Source records:
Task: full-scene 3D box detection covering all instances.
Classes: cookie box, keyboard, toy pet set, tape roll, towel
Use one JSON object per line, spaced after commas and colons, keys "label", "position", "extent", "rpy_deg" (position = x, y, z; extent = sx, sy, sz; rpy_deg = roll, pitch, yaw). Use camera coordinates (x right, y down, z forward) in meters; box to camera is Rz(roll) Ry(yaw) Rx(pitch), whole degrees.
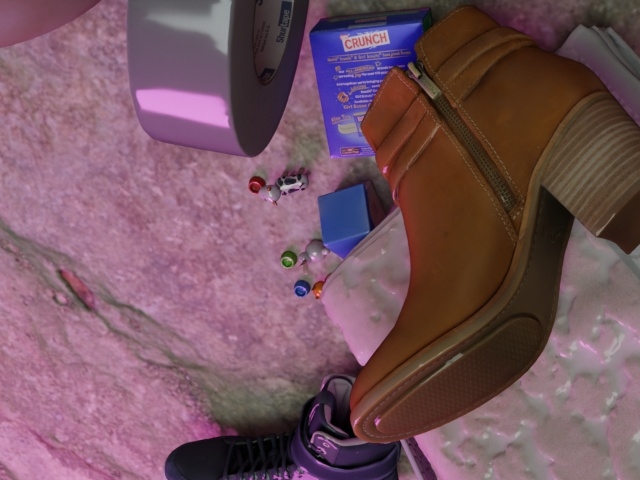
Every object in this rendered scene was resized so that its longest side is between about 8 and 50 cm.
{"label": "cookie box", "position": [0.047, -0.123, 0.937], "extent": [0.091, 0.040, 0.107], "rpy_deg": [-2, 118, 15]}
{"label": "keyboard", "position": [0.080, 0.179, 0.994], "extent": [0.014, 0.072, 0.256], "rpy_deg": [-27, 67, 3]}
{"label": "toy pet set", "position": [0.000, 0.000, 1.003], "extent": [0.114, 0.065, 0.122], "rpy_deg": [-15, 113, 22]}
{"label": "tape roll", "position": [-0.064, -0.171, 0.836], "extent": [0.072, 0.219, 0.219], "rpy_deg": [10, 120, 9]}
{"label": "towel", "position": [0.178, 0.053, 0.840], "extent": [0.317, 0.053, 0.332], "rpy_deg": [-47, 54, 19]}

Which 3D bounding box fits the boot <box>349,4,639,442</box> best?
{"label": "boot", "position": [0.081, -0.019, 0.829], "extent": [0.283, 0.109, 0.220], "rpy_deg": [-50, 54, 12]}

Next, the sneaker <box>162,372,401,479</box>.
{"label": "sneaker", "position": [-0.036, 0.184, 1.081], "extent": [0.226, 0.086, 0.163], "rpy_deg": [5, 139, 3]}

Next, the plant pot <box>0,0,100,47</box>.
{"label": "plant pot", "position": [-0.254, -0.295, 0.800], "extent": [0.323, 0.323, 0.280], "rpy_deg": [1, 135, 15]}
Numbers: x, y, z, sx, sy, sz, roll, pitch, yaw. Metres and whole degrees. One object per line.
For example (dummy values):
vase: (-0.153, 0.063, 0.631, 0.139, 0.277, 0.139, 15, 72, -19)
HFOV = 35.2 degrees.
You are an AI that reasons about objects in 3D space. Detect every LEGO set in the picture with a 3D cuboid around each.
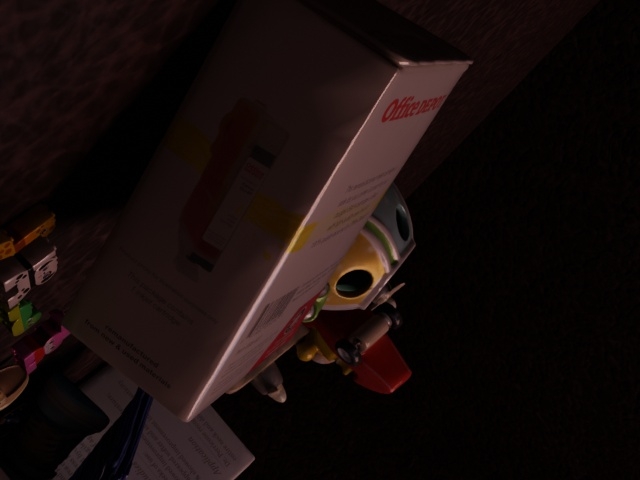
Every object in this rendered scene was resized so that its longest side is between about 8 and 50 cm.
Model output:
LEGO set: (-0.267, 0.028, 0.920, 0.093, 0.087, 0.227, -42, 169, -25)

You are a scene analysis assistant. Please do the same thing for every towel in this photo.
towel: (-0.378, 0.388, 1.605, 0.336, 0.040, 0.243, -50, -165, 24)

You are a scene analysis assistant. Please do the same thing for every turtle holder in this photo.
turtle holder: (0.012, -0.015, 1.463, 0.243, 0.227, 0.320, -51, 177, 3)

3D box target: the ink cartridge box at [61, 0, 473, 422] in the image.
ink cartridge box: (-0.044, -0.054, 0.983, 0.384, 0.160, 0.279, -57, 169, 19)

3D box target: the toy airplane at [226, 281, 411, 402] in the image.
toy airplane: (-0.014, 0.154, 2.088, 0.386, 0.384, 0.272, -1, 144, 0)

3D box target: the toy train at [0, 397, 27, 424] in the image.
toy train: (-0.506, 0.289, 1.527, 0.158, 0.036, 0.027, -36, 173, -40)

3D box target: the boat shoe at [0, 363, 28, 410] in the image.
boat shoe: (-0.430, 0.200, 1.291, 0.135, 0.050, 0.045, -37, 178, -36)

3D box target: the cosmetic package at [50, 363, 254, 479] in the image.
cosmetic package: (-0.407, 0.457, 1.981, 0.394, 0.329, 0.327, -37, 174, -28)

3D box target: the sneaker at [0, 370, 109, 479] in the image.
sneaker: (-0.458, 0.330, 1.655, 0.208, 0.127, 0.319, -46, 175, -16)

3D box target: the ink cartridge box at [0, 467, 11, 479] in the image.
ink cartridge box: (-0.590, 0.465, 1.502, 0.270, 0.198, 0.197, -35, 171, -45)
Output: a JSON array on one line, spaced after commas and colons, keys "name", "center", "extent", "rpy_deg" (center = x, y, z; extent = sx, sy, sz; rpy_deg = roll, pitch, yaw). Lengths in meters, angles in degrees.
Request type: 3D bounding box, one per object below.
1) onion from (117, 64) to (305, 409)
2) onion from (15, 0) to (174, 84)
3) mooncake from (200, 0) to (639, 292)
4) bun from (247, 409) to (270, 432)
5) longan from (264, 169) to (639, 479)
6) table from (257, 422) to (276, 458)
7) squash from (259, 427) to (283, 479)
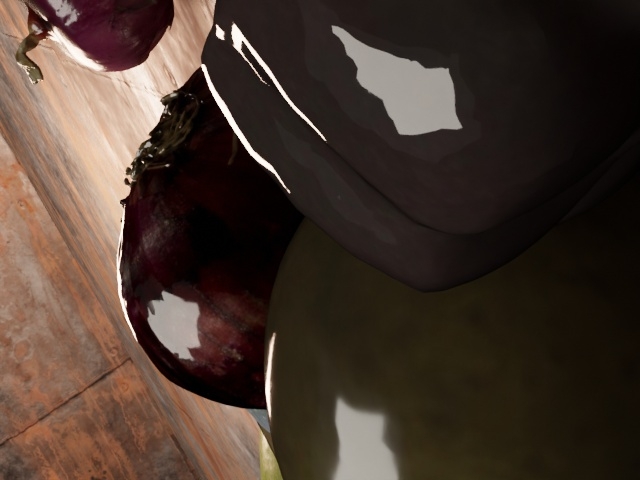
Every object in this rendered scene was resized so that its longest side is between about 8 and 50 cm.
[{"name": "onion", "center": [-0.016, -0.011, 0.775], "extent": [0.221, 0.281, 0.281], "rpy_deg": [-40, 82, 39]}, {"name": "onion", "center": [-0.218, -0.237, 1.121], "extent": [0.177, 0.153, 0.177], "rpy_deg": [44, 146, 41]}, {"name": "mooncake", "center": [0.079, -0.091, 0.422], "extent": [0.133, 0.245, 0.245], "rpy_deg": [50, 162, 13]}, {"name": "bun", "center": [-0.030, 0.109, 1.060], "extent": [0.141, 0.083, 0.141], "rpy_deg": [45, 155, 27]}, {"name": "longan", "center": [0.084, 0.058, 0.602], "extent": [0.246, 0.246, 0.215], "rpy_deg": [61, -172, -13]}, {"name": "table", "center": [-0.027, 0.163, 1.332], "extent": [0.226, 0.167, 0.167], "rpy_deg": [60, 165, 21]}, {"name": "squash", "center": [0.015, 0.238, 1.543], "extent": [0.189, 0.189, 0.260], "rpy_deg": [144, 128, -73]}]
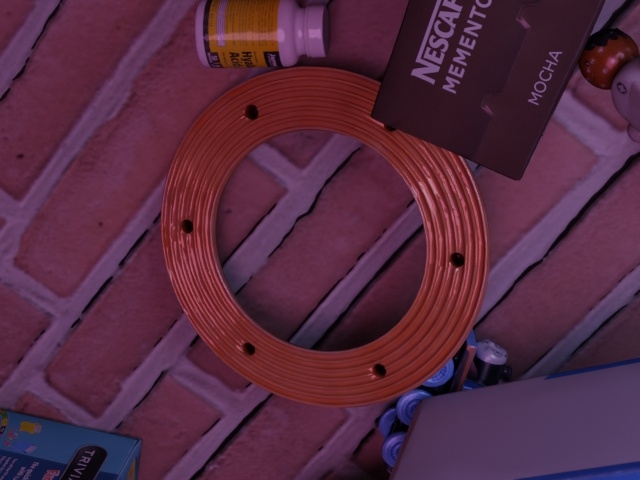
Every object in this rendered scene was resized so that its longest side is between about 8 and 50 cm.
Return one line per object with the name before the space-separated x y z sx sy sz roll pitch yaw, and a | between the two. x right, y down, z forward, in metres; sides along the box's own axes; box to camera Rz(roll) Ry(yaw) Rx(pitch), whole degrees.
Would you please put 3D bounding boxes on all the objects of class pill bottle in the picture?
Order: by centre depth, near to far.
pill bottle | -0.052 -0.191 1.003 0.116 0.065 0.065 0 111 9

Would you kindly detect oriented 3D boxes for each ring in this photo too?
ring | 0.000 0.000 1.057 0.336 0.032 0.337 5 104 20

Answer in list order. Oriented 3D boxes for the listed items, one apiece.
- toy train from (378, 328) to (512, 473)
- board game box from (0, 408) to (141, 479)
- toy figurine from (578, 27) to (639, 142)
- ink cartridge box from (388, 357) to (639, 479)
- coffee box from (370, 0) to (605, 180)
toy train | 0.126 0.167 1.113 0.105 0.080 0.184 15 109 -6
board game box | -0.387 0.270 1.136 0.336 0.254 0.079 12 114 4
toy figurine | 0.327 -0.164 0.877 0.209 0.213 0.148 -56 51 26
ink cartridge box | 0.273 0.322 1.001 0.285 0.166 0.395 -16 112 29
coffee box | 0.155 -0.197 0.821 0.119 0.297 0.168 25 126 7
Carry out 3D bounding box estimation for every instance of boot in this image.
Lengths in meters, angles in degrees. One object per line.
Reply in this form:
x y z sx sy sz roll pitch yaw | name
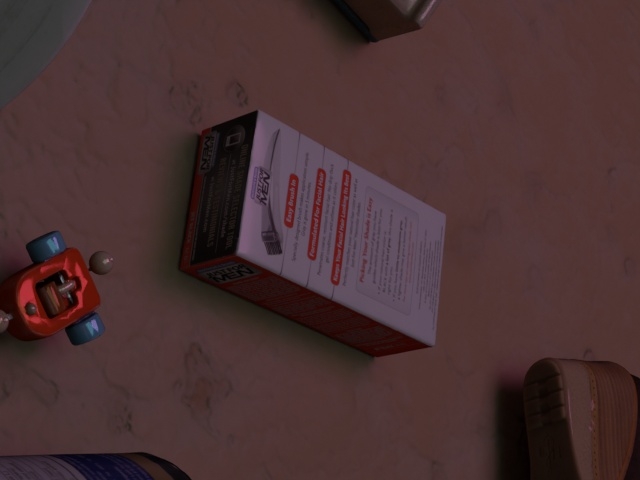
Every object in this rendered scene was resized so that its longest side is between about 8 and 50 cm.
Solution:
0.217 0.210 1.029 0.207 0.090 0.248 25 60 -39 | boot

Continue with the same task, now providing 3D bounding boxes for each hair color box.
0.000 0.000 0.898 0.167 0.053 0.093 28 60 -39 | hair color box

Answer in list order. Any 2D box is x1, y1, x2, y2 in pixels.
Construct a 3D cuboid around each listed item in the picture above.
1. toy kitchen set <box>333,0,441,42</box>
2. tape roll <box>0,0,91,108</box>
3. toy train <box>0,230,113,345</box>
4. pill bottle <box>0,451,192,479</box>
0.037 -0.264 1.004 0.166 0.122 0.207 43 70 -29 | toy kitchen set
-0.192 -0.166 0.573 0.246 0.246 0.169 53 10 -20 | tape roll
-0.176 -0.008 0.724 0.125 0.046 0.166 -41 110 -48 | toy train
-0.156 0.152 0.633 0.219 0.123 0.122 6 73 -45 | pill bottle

Try it — Locate the line with "1. toy kitchen set <box>333,0,441,42</box>" in the entries above; extract it and every line after it, verbatim.

Response —
1. toy kitchen set <box>333,0,441,42</box>
2. tape roll <box>0,0,91,108</box>
3. toy train <box>0,230,113,345</box>
4. pill bottle <box>0,451,192,479</box>
0.037 -0.264 1.004 0.166 0.122 0.207 43 70 -29 | toy kitchen set
-0.192 -0.166 0.573 0.246 0.246 0.169 53 10 -20 | tape roll
-0.176 -0.008 0.724 0.125 0.046 0.166 -41 110 -48 | toy train
-0.156 0.152 0.633 0.219 0.123 0.122 6 73 -45 | pill bottle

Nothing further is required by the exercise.